Start of Block
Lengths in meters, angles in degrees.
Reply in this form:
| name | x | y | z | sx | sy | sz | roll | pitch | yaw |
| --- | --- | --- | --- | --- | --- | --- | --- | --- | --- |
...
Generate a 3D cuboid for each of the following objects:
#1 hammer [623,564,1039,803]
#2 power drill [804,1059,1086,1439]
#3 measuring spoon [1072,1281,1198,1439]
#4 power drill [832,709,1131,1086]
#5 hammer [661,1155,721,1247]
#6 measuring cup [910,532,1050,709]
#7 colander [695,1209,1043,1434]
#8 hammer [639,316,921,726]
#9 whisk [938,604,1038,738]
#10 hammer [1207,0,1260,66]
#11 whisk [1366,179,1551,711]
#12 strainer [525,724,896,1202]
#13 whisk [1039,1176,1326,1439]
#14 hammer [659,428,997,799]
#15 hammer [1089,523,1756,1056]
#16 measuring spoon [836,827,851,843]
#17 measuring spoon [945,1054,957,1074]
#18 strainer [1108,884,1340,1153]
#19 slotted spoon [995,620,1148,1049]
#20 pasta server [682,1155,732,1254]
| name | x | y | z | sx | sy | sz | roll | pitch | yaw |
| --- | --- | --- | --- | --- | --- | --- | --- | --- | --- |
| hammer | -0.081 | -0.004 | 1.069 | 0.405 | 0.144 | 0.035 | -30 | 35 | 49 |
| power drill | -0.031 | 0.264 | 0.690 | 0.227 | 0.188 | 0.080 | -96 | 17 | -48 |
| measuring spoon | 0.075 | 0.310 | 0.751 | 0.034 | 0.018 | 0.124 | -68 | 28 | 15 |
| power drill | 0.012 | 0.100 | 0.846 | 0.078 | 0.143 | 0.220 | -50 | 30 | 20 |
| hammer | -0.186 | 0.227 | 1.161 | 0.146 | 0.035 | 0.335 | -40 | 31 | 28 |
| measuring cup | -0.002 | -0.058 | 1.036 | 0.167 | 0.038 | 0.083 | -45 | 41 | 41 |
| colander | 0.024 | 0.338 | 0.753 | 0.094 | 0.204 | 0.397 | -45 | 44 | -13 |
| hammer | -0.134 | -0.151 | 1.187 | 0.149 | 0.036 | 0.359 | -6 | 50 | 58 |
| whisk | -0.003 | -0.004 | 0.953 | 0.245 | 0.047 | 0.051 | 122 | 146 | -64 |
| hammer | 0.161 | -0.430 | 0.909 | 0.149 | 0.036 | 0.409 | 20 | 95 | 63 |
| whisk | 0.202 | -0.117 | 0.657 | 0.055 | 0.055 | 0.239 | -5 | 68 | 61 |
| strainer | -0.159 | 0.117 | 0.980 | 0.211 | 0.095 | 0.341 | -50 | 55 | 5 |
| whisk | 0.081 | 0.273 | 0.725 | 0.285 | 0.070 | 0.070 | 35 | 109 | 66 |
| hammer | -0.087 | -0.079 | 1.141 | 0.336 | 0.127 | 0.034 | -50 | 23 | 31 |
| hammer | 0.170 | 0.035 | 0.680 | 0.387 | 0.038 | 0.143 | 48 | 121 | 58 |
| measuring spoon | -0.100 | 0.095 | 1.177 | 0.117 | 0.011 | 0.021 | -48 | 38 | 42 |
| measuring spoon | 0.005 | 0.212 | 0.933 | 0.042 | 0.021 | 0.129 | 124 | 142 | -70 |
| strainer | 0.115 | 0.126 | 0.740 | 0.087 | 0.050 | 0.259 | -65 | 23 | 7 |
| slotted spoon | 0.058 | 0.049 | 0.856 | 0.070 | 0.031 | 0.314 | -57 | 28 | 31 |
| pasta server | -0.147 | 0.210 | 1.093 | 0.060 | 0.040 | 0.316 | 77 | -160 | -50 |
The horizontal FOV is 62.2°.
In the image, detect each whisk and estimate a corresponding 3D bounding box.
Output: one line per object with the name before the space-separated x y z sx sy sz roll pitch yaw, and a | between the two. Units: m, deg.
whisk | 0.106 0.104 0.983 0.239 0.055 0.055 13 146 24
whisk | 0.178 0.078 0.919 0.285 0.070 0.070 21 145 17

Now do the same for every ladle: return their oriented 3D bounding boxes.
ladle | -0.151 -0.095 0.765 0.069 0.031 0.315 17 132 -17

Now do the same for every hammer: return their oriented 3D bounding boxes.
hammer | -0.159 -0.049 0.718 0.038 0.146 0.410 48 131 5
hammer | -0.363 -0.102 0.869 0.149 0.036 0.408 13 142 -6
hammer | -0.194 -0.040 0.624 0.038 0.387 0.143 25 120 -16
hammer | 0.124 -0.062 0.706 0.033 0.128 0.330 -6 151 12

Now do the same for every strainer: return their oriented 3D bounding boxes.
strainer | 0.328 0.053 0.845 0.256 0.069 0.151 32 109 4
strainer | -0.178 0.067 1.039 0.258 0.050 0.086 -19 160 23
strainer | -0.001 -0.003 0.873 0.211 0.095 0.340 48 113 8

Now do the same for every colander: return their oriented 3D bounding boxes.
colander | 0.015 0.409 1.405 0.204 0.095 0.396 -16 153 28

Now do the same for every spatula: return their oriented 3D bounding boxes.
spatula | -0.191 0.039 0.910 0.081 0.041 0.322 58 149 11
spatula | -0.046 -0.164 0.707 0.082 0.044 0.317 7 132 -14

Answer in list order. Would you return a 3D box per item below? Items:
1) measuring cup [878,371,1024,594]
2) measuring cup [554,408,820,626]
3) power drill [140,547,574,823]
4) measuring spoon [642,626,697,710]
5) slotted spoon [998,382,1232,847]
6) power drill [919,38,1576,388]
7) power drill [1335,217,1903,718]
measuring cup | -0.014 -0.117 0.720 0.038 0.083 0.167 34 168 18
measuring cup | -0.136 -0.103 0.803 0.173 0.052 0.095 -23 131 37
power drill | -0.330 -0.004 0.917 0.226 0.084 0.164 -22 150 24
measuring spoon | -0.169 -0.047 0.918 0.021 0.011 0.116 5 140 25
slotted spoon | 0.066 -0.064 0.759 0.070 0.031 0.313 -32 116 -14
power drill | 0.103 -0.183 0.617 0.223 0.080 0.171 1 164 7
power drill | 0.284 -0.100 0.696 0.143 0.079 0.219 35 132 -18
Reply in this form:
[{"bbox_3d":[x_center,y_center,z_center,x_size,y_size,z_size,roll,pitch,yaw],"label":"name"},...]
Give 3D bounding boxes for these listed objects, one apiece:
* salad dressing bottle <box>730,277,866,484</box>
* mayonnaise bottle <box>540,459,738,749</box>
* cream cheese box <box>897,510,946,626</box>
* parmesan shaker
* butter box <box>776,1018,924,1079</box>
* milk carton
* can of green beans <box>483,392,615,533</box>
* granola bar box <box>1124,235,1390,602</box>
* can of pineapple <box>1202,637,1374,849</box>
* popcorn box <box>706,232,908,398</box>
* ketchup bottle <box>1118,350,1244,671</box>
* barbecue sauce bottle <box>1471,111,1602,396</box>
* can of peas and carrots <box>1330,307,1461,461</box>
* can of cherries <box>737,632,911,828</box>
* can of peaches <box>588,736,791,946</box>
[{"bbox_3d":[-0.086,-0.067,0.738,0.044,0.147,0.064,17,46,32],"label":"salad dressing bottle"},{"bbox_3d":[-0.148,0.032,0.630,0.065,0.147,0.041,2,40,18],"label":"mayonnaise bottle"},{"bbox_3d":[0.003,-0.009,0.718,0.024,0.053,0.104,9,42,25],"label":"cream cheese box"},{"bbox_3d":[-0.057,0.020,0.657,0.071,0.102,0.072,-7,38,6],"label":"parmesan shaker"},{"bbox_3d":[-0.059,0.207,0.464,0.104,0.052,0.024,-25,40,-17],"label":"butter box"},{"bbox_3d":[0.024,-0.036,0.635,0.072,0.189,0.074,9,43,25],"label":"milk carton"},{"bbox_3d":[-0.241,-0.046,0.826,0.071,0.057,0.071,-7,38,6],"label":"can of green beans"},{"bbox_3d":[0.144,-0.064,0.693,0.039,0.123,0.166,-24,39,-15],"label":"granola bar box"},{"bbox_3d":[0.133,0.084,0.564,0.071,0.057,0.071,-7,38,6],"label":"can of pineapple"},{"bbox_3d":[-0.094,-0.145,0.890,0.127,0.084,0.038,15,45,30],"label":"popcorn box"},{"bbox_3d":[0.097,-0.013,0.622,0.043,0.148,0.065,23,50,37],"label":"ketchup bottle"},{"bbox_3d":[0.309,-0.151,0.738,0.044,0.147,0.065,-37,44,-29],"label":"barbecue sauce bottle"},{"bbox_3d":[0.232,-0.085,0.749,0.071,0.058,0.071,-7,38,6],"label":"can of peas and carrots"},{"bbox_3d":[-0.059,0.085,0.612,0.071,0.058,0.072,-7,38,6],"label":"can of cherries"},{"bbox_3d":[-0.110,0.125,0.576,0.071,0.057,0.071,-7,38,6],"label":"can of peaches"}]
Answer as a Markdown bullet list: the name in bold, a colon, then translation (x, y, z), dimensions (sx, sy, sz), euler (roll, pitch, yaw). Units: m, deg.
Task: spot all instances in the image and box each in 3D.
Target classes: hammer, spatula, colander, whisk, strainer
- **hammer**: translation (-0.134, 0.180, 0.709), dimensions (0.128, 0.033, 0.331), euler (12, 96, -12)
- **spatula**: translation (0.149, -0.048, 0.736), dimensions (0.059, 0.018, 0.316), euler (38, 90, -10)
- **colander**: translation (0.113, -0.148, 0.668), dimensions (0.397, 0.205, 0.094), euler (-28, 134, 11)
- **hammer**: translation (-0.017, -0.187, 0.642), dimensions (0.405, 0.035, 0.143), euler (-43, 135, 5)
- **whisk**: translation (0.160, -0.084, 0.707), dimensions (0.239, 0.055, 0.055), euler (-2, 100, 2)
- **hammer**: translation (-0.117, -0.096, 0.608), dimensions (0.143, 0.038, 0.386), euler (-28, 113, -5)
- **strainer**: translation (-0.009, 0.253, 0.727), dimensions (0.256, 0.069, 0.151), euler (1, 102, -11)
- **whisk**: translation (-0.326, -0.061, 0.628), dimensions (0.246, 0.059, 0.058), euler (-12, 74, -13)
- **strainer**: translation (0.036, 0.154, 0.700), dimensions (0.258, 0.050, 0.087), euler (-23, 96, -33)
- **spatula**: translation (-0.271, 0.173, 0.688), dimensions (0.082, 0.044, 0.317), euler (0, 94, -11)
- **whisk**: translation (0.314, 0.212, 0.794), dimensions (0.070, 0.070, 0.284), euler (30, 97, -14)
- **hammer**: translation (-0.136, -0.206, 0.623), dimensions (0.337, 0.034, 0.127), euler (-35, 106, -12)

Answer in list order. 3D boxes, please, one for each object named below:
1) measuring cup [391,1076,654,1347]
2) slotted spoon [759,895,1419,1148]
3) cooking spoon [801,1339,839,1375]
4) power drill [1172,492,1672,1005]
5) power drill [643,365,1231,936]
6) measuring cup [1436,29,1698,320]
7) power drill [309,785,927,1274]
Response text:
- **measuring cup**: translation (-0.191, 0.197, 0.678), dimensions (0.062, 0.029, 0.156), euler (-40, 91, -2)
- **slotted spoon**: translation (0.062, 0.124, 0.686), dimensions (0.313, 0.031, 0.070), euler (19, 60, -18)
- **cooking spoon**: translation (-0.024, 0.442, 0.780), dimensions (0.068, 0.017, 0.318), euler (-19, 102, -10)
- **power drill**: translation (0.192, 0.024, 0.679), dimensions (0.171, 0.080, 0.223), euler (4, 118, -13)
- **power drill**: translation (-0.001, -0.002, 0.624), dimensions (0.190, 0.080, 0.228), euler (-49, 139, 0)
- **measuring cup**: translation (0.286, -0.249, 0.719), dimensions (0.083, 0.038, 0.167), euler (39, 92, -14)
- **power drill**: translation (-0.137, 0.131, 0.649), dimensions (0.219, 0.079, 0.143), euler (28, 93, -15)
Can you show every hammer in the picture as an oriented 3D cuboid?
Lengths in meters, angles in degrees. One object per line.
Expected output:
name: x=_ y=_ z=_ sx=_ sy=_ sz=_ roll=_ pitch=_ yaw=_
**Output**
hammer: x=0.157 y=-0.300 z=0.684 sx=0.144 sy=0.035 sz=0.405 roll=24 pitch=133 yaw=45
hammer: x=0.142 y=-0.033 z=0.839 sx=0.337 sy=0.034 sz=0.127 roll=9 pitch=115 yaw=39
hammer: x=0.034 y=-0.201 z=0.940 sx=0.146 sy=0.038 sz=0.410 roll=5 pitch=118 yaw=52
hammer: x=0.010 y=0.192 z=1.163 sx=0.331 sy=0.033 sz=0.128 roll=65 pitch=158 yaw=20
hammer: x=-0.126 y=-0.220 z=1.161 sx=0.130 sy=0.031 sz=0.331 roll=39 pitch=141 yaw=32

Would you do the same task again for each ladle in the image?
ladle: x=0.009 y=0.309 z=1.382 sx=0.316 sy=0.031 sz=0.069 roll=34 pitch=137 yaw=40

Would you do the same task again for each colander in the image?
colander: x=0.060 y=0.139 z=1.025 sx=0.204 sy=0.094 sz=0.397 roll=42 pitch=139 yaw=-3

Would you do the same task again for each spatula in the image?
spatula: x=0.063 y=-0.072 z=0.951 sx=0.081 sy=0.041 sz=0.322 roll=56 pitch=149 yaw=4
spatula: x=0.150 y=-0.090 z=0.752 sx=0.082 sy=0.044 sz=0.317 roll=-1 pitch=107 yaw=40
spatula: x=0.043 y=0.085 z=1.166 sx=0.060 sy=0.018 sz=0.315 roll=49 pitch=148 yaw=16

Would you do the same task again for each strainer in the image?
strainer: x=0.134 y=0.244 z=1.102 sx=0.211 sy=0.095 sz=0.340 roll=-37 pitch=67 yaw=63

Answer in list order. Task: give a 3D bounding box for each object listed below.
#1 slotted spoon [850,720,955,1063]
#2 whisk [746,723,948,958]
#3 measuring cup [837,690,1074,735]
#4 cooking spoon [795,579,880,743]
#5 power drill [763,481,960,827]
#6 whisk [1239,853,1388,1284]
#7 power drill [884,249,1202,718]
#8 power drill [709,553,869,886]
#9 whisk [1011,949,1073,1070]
End of Block
**Exercise instructions**. Output, please, only the lines running from the start of the entries through the line that contains "#19 slotted spoon [995,620,1148,1049]", including both of those lines.

**Reply to the task**.
Lengths in meters, angles in degrees.
Reply in this form:
| name | x | y | z | sx | sy | sz | roll | pitch | yaw |
| --- | --- | --- | --- | --- | --- | --- | --- | --- | --- |
...
Generate a 3D cuboid for each of the following objects:
#1 hammer [623,564,1039,803]
#2 power drill [804,1059,1086,1439]
#3 measuring spoon [1072,1281,1198,1439]
#4 power drill [832,709,1131,1086]
#5 hammer [661,1155,721,1247]
#6 measuring cup [910,532,1050,709]
#7 colander [695,1209,1043,1434]
#8 hammer [639,316,921,726]
#9 whisk [938,604,1038,738]
#10 hammer [1207,0,1260,66]
#11 whisk [1366,179,1551,711]
#12 strainer [525,724,896,1202]
#13 whisk [1039,1176,1326,1439]
#14 hammer [659,428,997,799]
#15 hammer [1089,523,1756,1056]
#16 measuring spoon [836,827,851,843]
#17 measuring spoon [945,1054,957,1074]
#18 strainer [1108,884,1340,1153]
#19 slotted spoon [995,620,1148,1049]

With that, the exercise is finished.